Tidak ada yang bersuara saat semua mulai makan. Hanya suara dentingan sendok dan piring yang bersahutan. Bocah perempuan itu juga terlihat makan dengan tenang. Keluarga yang luarbiasa. Pendidikan sejak dini yang sangat baik. Hingga rasanya tidak dapat dipercaya apabila mereka dapat menyakiti orang lain. Sejauh ini infomasi yang kudapatkan masih samar-samar. Setidaknya aku dapat kepastian dari salah satu mereka. Setelah itu aku akan langsung ke rumah Andre memberitahunya.

"Bagaimana masakan saya, Rio?" Wanita itu menatapku bertanya. "Enak Bu." jawabku tersenyum. Freya yang masih makan ikut bersuara. " Ayah nggak pulang lagi Bun?" Pertanyaan yang sangat tidak di sangka-sangka. "Abang tahu Ayah Freya sangatttt sibuk. Kalau bisa dihitung cuma pulang sebulan sekali." ceritanya sambil menghitung lewat jari-jarinya.

"Dan dari satu hari ayah hanya menghabiskan waktu sebentar dengan kami. Bentar Freya hitung." Aku memperhatikan gadis itu sambil memangku tangan.

"Satu.. dua.. tiga.. Ah dua deh dua" Bocah itu mengoceh sendiri masih dengan jari-jari mungilnya menghitung.

"Cuma  9000 detik, 150 menit jadi dua setengah jam." Jelasnya rinci. Wanita itu tersenyum-senyum mendengar cerita anaknya. Sedangkan aku tertegun. Benar-benar tertegun. Sebenarnya apa yang terjadi.

"Ayah pulang..." Kami bertiga serentak menoleh ke arah suara. Freya segera berlari duluan. "Kalau begitu saya pamit Bu. Barusan juga teman saya sudah mengabari akan menjemput saya." Dengan segera akupun pamit. Situasi ini sangat-sangat tidak kuperhitungkan. "Oh.. eh.. ohh iya iya Rio. Saya antar kedepan." Wanita itu terbata-bata seperti tak menyangka suaminya akan pulang. Aku tidak peduli. Kutenteran ranselku dan berjalan cepat ke pintu depan.

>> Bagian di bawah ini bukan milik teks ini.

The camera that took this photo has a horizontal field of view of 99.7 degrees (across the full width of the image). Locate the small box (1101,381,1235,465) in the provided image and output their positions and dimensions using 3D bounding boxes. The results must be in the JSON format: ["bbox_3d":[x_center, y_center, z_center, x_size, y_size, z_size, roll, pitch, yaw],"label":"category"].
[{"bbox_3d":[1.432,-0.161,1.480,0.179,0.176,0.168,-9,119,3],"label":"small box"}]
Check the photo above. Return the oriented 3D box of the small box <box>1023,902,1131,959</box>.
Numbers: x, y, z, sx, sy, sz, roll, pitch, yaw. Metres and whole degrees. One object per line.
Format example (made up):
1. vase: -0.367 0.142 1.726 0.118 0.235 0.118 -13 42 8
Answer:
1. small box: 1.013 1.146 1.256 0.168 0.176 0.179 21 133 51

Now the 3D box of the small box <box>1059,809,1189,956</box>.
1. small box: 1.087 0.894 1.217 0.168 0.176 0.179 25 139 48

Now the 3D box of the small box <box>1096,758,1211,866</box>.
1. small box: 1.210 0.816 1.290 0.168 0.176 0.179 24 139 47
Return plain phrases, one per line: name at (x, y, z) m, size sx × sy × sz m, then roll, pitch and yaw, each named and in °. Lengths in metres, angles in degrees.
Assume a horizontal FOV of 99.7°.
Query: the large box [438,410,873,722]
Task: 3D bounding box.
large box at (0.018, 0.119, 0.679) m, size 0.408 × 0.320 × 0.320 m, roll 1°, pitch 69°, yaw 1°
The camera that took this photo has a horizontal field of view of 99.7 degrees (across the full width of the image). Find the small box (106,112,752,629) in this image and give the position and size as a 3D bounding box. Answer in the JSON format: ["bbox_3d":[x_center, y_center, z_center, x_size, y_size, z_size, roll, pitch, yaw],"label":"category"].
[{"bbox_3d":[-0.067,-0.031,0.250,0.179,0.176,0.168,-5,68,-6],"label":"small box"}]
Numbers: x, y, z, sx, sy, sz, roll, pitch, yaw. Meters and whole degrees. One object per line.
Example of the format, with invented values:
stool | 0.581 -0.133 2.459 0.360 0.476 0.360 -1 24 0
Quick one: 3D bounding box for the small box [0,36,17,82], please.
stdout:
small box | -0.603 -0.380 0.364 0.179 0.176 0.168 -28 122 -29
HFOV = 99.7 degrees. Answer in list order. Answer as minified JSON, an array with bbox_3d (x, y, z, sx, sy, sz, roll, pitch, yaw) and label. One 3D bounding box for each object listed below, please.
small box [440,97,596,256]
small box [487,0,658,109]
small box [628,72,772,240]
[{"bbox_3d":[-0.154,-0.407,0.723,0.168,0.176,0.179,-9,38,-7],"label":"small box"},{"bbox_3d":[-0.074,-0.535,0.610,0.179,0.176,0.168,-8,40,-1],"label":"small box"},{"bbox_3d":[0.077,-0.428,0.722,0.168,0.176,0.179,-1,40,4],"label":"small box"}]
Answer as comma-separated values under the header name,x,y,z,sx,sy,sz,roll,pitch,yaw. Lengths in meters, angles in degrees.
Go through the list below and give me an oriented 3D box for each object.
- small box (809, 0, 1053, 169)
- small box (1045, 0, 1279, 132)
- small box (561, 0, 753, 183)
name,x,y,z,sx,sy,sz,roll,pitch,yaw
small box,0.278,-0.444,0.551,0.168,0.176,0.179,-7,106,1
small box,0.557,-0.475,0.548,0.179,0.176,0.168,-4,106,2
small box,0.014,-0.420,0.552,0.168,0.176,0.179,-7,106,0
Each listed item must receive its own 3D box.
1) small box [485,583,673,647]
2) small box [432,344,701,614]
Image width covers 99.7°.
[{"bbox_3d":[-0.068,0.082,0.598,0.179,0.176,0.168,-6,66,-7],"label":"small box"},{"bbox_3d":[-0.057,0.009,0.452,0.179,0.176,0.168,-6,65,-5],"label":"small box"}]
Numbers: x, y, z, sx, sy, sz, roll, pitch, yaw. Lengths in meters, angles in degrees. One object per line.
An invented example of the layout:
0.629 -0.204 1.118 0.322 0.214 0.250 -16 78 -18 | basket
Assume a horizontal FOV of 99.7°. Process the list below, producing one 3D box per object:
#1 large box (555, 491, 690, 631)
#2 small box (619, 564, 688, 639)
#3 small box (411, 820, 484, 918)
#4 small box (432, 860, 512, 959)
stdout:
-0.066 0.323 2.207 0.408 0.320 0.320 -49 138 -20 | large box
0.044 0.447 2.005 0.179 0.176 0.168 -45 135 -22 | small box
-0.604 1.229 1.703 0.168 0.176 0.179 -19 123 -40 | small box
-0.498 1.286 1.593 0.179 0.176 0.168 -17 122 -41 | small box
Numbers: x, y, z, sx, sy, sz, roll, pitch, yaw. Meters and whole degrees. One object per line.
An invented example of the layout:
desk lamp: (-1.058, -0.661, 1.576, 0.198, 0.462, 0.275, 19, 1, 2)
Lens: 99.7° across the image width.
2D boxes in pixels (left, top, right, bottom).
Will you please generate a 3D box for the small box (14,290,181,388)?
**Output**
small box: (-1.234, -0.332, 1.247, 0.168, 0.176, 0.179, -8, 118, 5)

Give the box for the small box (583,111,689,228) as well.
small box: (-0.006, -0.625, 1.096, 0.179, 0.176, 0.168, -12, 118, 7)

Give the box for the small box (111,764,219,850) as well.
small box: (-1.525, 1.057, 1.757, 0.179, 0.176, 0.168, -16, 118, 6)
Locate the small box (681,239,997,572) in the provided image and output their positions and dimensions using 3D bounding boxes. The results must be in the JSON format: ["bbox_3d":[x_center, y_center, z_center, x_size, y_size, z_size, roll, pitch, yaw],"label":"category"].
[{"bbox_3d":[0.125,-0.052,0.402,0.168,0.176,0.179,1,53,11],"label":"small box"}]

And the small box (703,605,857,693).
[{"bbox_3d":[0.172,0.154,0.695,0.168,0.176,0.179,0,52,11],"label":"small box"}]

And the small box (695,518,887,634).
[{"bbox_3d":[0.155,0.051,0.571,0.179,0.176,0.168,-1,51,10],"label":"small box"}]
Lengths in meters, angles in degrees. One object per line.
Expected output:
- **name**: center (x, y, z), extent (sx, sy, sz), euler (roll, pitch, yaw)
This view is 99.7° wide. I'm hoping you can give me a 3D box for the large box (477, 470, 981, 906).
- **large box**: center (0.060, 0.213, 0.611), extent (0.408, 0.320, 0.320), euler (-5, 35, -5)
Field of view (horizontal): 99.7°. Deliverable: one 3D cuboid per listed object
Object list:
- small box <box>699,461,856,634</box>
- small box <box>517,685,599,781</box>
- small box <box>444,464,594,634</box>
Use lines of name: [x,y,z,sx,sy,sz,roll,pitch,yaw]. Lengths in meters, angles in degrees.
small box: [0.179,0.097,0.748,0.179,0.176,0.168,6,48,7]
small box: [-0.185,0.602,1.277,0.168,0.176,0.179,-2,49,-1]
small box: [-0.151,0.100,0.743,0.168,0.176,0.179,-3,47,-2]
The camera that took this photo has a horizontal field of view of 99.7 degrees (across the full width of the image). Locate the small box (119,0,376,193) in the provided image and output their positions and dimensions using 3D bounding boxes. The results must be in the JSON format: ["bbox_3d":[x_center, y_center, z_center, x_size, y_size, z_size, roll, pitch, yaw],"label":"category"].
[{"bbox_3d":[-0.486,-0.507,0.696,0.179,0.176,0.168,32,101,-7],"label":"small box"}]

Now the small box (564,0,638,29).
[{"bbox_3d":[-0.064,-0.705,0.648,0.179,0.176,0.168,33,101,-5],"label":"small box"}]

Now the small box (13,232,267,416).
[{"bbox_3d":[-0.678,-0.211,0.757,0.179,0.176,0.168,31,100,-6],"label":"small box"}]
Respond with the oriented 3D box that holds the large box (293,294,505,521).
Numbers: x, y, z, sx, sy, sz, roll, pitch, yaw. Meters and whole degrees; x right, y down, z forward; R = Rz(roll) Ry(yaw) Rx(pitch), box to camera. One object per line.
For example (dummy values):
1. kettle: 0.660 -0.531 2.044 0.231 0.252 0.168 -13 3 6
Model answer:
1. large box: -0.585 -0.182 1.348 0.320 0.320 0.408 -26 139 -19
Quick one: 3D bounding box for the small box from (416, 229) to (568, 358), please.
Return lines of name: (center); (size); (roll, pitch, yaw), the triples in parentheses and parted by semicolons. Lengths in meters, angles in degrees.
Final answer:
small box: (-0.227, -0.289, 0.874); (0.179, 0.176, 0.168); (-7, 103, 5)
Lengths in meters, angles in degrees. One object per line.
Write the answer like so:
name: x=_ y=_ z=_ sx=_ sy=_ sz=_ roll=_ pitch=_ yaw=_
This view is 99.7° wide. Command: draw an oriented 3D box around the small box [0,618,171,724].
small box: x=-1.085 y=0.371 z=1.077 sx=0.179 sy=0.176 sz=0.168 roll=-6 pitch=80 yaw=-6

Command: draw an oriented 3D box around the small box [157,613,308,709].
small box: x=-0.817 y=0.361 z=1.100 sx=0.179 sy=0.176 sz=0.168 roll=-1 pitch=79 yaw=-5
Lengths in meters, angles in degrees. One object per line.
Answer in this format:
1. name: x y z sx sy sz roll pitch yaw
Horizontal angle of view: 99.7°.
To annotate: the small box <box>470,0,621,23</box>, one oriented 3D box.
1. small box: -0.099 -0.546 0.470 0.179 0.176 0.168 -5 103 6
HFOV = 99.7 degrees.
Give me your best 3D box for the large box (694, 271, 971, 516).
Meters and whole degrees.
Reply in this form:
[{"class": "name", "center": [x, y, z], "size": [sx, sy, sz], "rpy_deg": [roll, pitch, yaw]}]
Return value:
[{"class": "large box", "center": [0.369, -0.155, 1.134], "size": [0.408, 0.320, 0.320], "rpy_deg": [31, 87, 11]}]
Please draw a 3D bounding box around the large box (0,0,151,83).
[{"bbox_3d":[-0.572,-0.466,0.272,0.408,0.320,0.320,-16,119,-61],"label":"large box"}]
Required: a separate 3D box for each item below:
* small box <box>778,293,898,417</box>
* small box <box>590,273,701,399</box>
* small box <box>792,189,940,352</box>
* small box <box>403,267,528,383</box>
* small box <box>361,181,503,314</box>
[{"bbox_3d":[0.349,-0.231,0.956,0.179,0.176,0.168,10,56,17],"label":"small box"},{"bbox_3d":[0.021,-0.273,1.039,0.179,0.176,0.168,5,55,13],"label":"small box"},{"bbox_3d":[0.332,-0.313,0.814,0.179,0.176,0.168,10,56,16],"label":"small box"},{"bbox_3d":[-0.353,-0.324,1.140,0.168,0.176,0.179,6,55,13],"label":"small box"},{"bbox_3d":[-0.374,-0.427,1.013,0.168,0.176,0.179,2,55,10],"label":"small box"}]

"Ayah, Bunda udah masak. Ayo temenin Freya makan." Bocah itu menarik-narik ayahnya ke meja makan. Sebisa mungkin aku menjauhi kontak dan pergi tanpa suara. Namun renacanaku ternyata tak semudah adegan di film-film.

"Lho? Rio kan. Temennya Andre." Sial. Dengan secepat mungkin aku berlari keluar meninggalkan mereka yang pasti menyisakan banyak pertanyaan. Andre. Aku harus menghubungi Andre.